La Rue, 1894 : Dupe. Malfaiteur par occasion.
France, 1907 : Malfaiteur d’occasion qui ne connait pas encore les roueries du métier. C’est aussi la dupe à voler.
Socialo
France, 1907 : Socialiste.
Espérons et souhaitons que, malgré tous les mic-macs de ces socialos assiette-beurriers, le populo ne se laissera pas embobiner.
Sans quoi y aurait plus de limite !
Un de ces quatre matins, messieurs les élus se déculotteraient et présenteraient leur postérieur aux nigaudins électoraux, leur ordonnant d’embrasser, sous prétexte que — mieux que la bague de l’évêque — ça porte bonheur.
Et, aux soupçonneux qui ne marcheraient pus, les birbes prouveraient que de pareilles baisades sont nécessaires pour l’émancipation humaine.
Ce courant de crétinisme n’est pas nouveau c’est le résidu de la masturbation autoritaire dont, depuis des siècles, nous sommes — de père en fils — les malheureuses victimes.
(Le Père Peinard)
Qu’on enterre un socialo,
Il sabre le populo
Et s’y montre fort habile,
L’sergent d’ville.
Puis, l’soir, aux autres, dans l’poste,
Il va dire, s’rengorgeant,
Comment au Peuple riposte
Le parfait agent (bis).
(É. Blédort)
Tac-tac
d’Hautel, 1808 : Un Nicolas tac-tac. Pour dire un nigaud, un homme sot et stupide, qui se mêle des petits détails qui concernent qui les femmes.
Tac-tac sert aussi à exprimer un bruit réglé, comme celui d’un pendule.
Voir
d’Hautel, 1808 : Voir deux cochers sur un siège. Être ivre.
Il ne voit pas plus loin que son nez. Se dit par raillerie d’une personne bornée, sans jugement et sans prévoyance.
Il faut voir cela avec les yeux de la foi. C’est-à-dire, ne pas l’examiner avec scrupule ; n’y pas mettre une grande attention.
Si vous ne voulez pas le croire, allez-y voir. Se dit à quelqu’un qui fait l’incrédule, qui se refuse à ajouter foi à un discours, à un récit.
Il a vu le loup. Pour, c’est un vieux renard, un rusé compère qui a vu du pays, qui a fait des siennes.

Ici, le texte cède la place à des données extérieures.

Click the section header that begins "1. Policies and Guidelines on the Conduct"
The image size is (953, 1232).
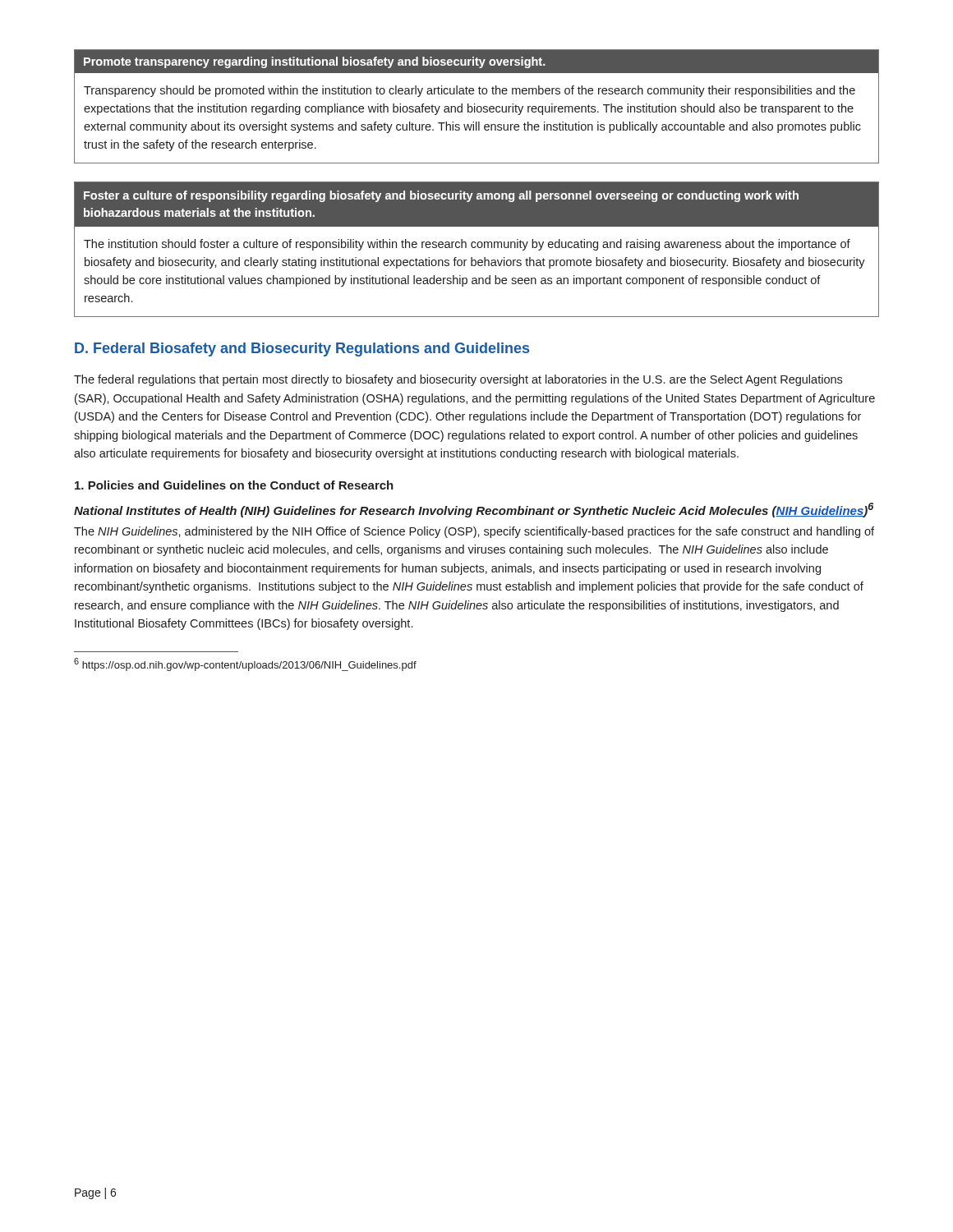234,485
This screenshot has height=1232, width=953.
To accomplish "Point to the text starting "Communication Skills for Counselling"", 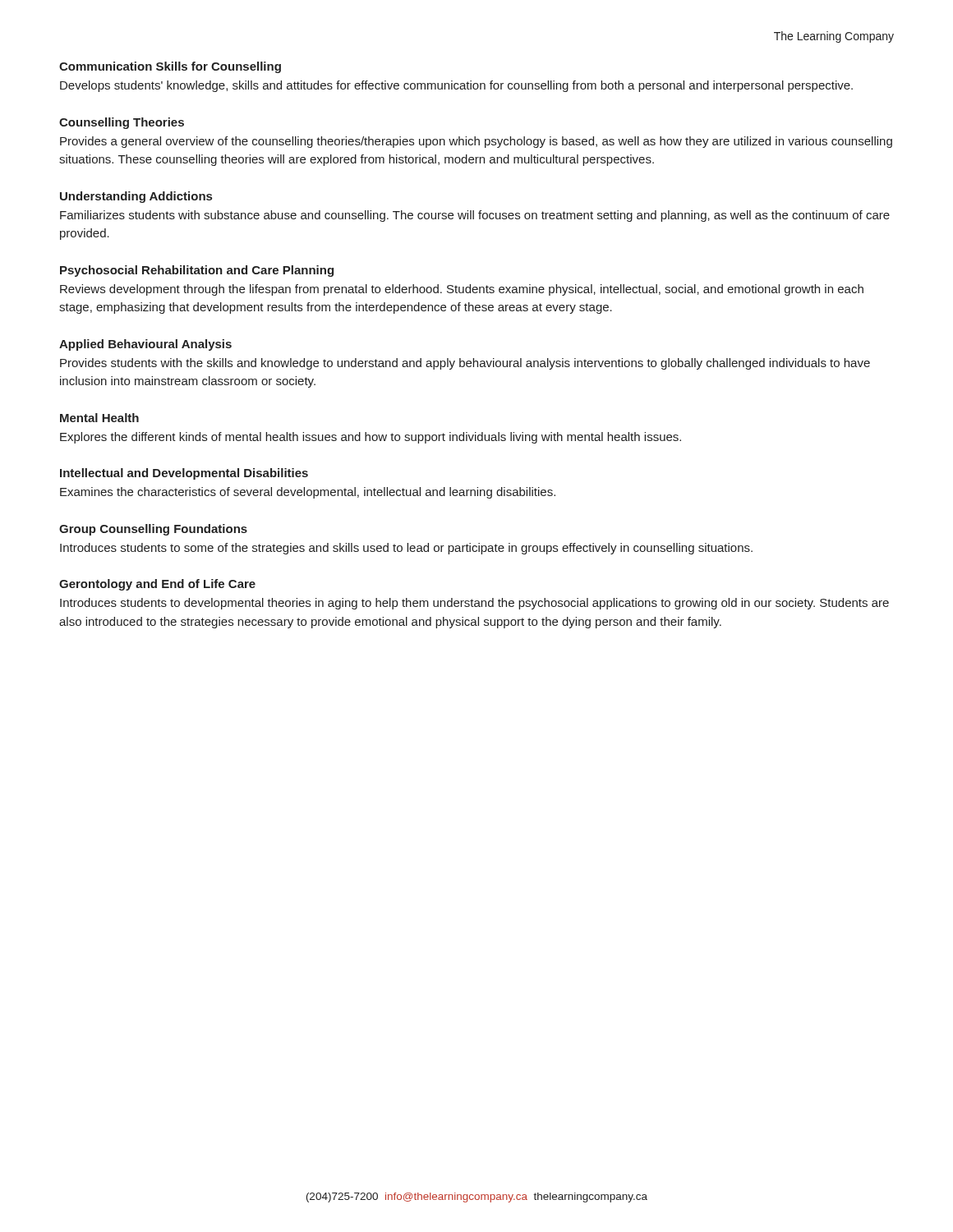I will click(170, 66).

On diroit qu’il n’a jamais rien vu que par le trou d’une bouteille. Se dit par raillerie d’un nigaud, d’un homme qui s’extasie sur des bagatelles, qui n’a pas fréquenté le monde.
Voyons voir. Pléonasme et solécisme très-usités parmi le peuple ; pour dire, permettez que je voye, ou, laissez moi voir.

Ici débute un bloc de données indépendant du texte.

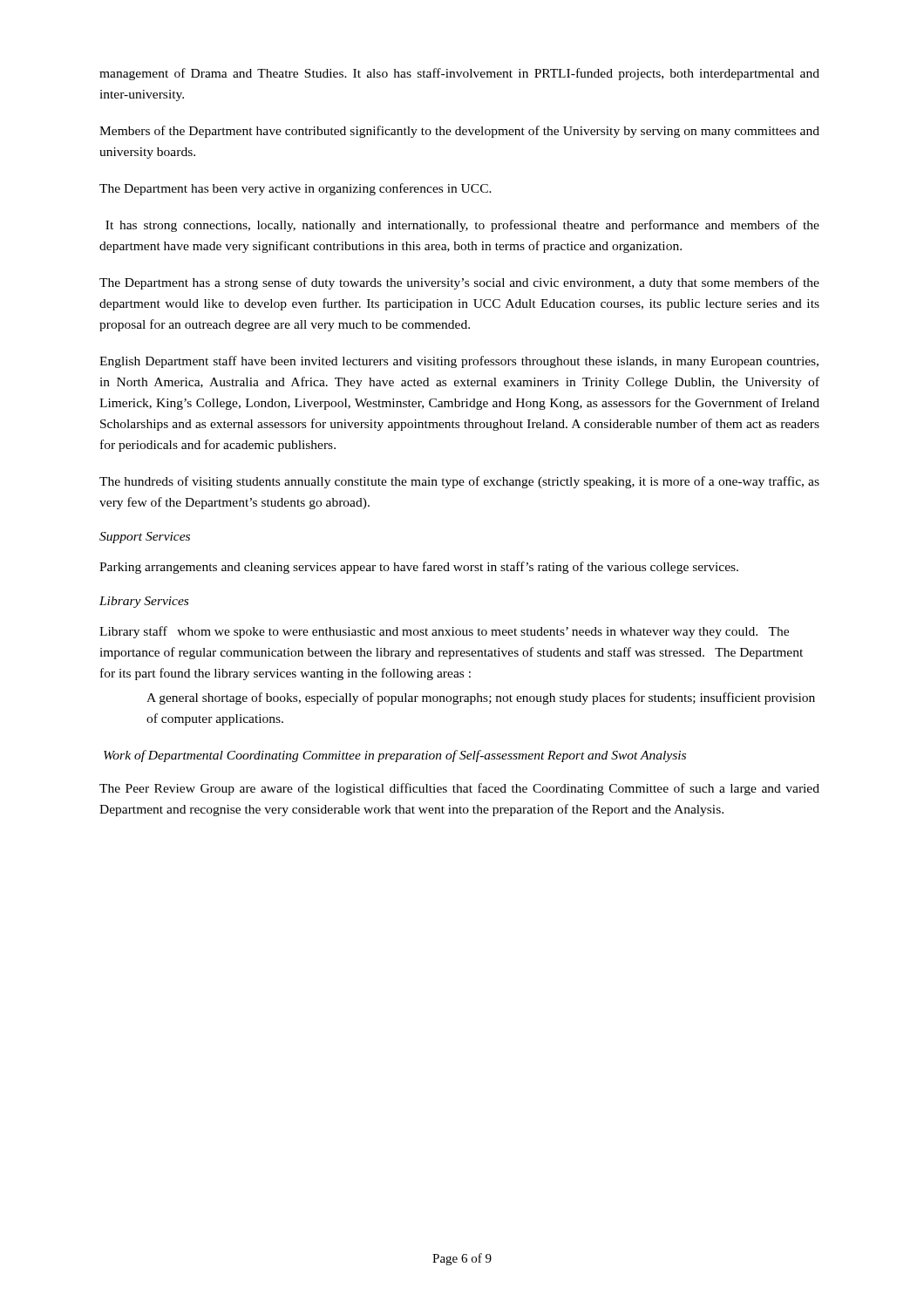Point to the block beginning "Library staff whom"
The image size is (924, 1308).
click(x=451, y=652)

Delvau, 1864 : Faire l’acte vénérien.
Vous languissez quelquefois
À lacour plus de trois mois,
Sans que l’heure se présente,
Et moi, bienheureux, je vois,
Quand il me plaît ma servante.
(Cabinet satyrique)
Vous avez été pour le moins six mois à la voir journellement.
(Ch. Sorel)
Il dit que si je la vois
En un mois plus d’une fois,
Il m’en coûtera la vie.
(Saint-Pavin)
Le dernier homme que voit Fulvia, c’est toujours celui qu’elle croit destiné par le ciel à perpétuer sa race.
(Diderot)
Delvau, 1866 : v. a. Permolere uxorem quamlibet aliam, — dans l’argot des bourgeois.
Delvau, 1866 : v. n. Se dit de l’indisposition mensuelle des femmes, — dans l’argot des bourgeoises.
Rigaud, 1881 : Arrêter, — dans le jargon des voleurs. — Se faire voir, se faire arrêter.
Rigaud, 1881 : Avoir ses menstrues, — dans le jargon des bourgeoises. Voir Sophie, — dans celui des ouvrières.